Our main results are summarized in the 2D phase diagram in Figure 9. There, we display the dependence of the diffusion exponent $\gamma$ as a function of the Lévy index $\alpha$, and resetting-time distribution exponent $\beta$. The horizontal axis $\alpha$, ranging from 0 to 2, is divided into two segments: for $0<\alpha <1$, the MSD of the free Lévy walk ($\beta =0$) exhibits ballistic growth, i.e., $\langle x^2\rangle \sim t^2$; for $1<\alpha <2$, the free MSD behaves as $\langle x^2\rangle \sim t^{3-\alpha }$; and, finally, $\alpha =2$ corresponds to the regular Brownian motion with $\langle x^2\rangle \sim t$. This defines the free diffusion exponent ${\gamma }_0$. On the vertical axis, the exponent $\beta$ characterizes resetting event frequency: a smaller $\beta$ indicates fatter tails in the resetting time distribution and less frequent resetting; a larger $\beta$ indicates thinner tails and more frequent resetting. As shown by the figure color code, in the $\beta <1$ region, regardless of $\alpha$ value, $\gamma ={\gamma }_0$. As $\beta$ enters the $1<\beta <{\gamma }_0+1$ range, the diffusion exponent decreases linearly as $\gamma ={\gamma }_0+1-\beta$, until it reaches zero at $\beta ={\gamma }_0+1$. When $\beta >{\gamma }_0+1$, the diffusion exponent vanishes, corresponding to the MSD converging to a constant plateau (or logarithmic divergence for singular values $\alpha =1$ and $\beta =1$).
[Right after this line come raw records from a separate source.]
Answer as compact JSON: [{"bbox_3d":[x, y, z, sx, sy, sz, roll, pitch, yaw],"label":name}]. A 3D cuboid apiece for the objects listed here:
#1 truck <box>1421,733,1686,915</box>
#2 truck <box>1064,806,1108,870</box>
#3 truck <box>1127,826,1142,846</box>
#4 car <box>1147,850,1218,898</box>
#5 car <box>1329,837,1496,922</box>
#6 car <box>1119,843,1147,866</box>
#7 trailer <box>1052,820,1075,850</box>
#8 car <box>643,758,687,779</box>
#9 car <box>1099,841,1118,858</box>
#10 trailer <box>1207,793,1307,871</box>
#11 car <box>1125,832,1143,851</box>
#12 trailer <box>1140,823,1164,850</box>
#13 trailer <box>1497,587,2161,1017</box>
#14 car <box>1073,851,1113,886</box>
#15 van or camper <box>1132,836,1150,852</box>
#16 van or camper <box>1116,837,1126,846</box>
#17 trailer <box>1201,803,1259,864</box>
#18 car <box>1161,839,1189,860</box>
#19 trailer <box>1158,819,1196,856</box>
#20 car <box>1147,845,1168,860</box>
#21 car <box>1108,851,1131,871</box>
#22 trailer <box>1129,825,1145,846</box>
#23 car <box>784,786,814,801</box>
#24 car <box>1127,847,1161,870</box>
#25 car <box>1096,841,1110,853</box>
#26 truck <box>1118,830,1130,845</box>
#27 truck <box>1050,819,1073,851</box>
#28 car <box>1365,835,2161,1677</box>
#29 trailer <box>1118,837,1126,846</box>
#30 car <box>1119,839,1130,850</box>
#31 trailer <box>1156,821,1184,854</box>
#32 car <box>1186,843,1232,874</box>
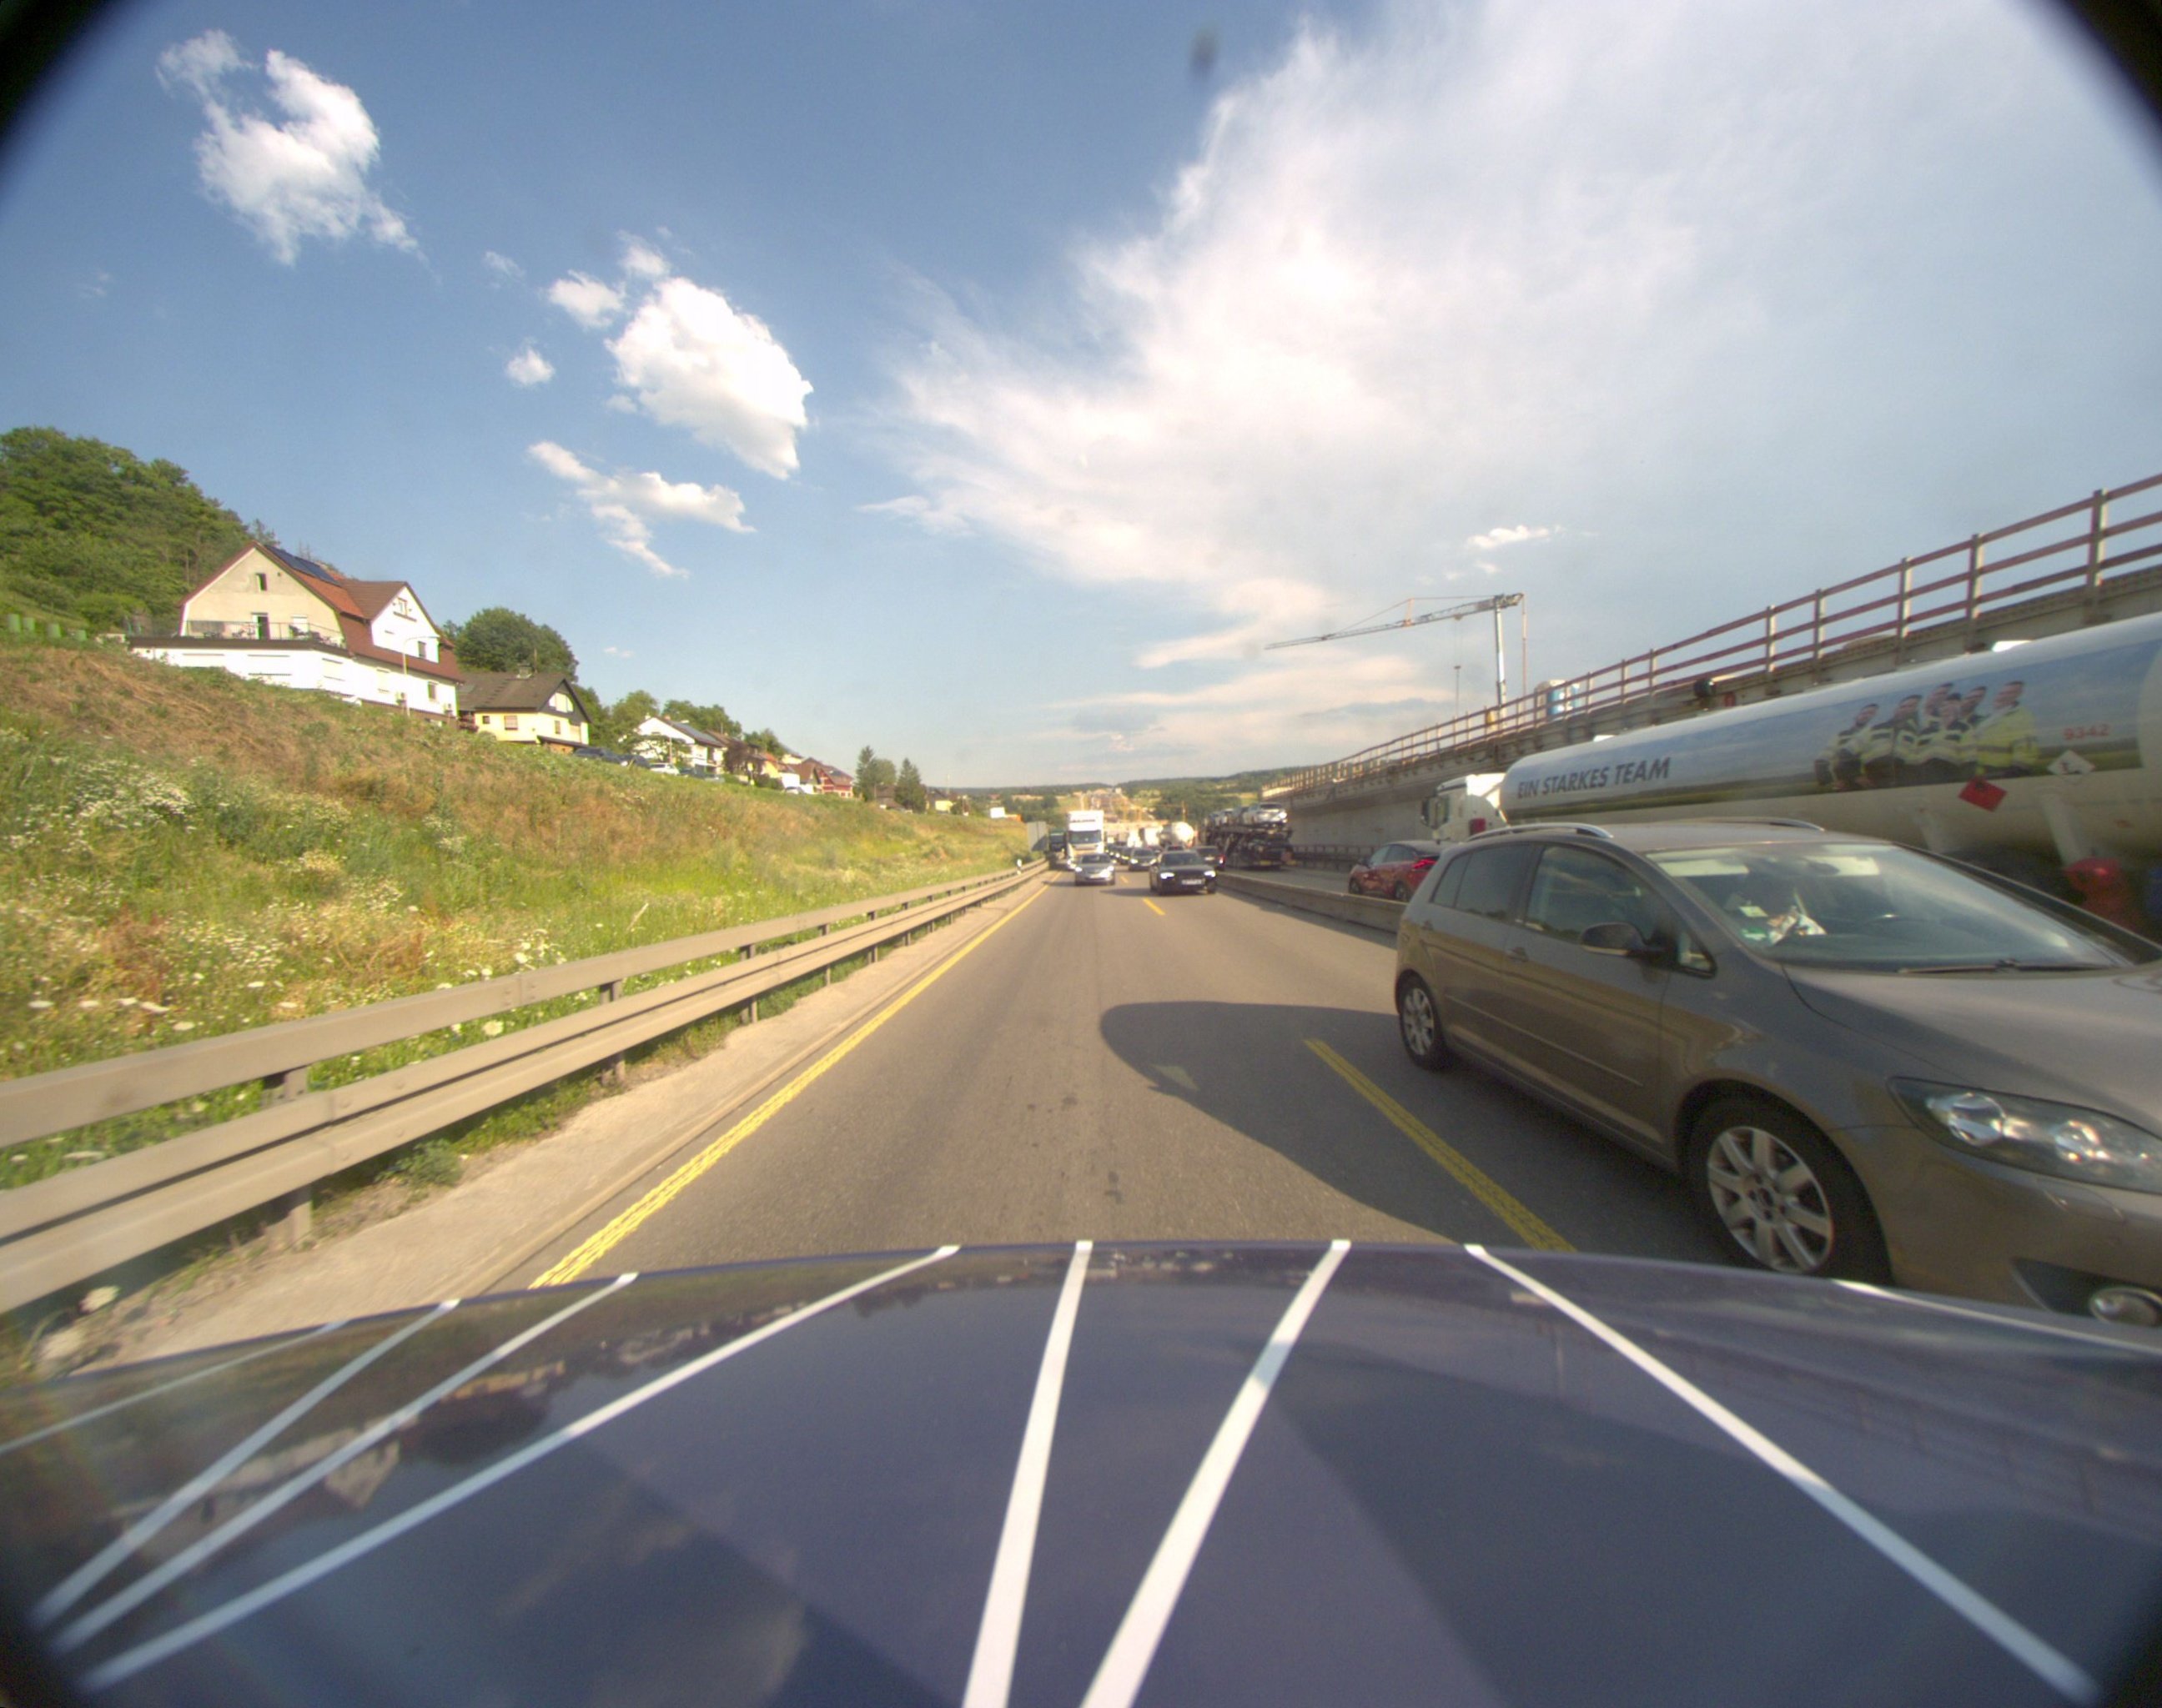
[{"bbox_3d":[10.293,-0.628,17.314,2.555,3.390,5.530,-2,1,0],"label":"truck"},{"bbox_3d":[0.428,-1.190,55.914,2.741,4.034,12.668,-2,1,1],"label":"truck"},{"bbox_3d":[12.099,-4.152,172.484,2.834,4.239,10.070,-2,1,1],"label":"truck"},{"bbox_3d":[3.383,0.618,26.016,1.873,1.411,4.348,-1,1,1],"label":"car"},{"bbox_3d":[6.988,0.470,16.539,1.730,1.548,4.296,-2,0,0],"label":"car"},{"bbox_3d":[4.161,0.003,61.049,1.998,1.740,3.999,-1,1,0],"label":"car"},{"bbox_3d":[-2.408,-2.643,107.981,2.554,3.911,12.076,-2,1,1],"label":"trailer"},{"bbox_3d":[-32.013,-6.544,58.583,1.347,1.225,3.899,-2,1,-2],"label":"car"},{"bbox_3d":[3.073,-0.482,84.438,1.918,1.746,3.999,-1,0,0],"label":"car"},{"bbox_3d":[10.531,-1.323,47.713,2.778,4.008,15.760,-2,1,1],"label":"trailer"},{"bbox_3d":[8.005,-1.907,115.494,1.999,2.608,7.407,-2,1,-2],"label":"car"},{"bbox_3d":[11.680,-2.895,126.324,2.932,4.014,13.771,-2,1,1],"label":"trailer"},{"bbox_3d":[10.185,-0.568,10.987,2.563,3.506,10.679,-2,1,1],"label":"trailer"},{"bbox_3d":[0.536,0.621,34.175,1.671,1.425,3.523,-1,1,1],"label":"car"},{"bbox_3d":[7.860,-1.307,100.658,1.863,2.002,5.294,-2,1,-1],"label":"van or camper"},{"bbox_3d":[8.805,-2.847,166.521,1.868,1.882,5.002,-2,1,1],"label":"van or camper"},{"bbox_3d":[10.655,-1.490,55.176,2.778,4.008,7.206,-2,1,1],"label":"trailer"},{"bbox_3d":[7.619,-0.386,62.176,1.761,1.569,4.338,-2,1,1],"label":"car"},{"bbox_3d":[11.044,-1.944,88.958,2.659,3.828,13.439,-2,1,0],"label":"trailer"},{"bbox_3d":[7.873,-0.198,78.383,1.713,1.437,4.599,-2,1,1],"label":"car"},{"bbox_3d":[3.490,0.615,69.882,1.918,1.746,3.999,-1,0,0],"label":"car"},{"bbox_3d":[11.945,-3.977,163.038,2.834,4.259,8.733,-2,1,1],"label":"trailer"},{"bbox_3d":[-34.221,-7.328,92.339,1.998,1.434,3.999,-2,1,1],"label":"car"},{"bbox_3d":[3.939,0.242,47.919,1.692,1.294,3.882,-2,1,-1],"label":"car"},{"bbox_3d":[2.895,-0.978,101.897,1.720,1.469,3.727,-2,1,0],"label":"car"},{"bbox_3d":[12.095,-4.735,215.222,2.873,4.038,7.597,-2,1,1],"label":"truck"},{"bbox_3d":[-2.573,-2.540,100.388,2.547,3.993,6.070,-2,1,1],"label":"truck"},{"bbox_3d":[2.933,0.729,3.487,1.685,1.579,4.270,-1,2,0],"label":"car"},{"bbox_3d":[8.723,-2.693,162.516,1.452,1.843,2.983,-2,1,1],"label":"trailer"},{"bbox_3d":[8.198,-1.810,143.184,1.785,1.833,4.852,-2,1,1],"label":"car"},{"bbox_3d":[11.087,-2.083,95.223,2.659,3.829,6.427,-2,1,0],"label":"trailer"},{"bbox_3d":[7.112,0.196,42.652,1.770,1.543,4.835,-2,1,0],"label":"car"}]

The results presented herein demonstrate robustness against variations in the fundamental model outlined in Section 2. For instance, following Refs. [18,36], we examined the more realistic scenario of non-instantaneous stochastic resetting with ballistic return dynamics characterized by finite large speed. We found that short finite return times do not significantly modify the diffusion exponents $\gamma$, but slightly enhance the diffusion prefactors, $K^{\prime }$.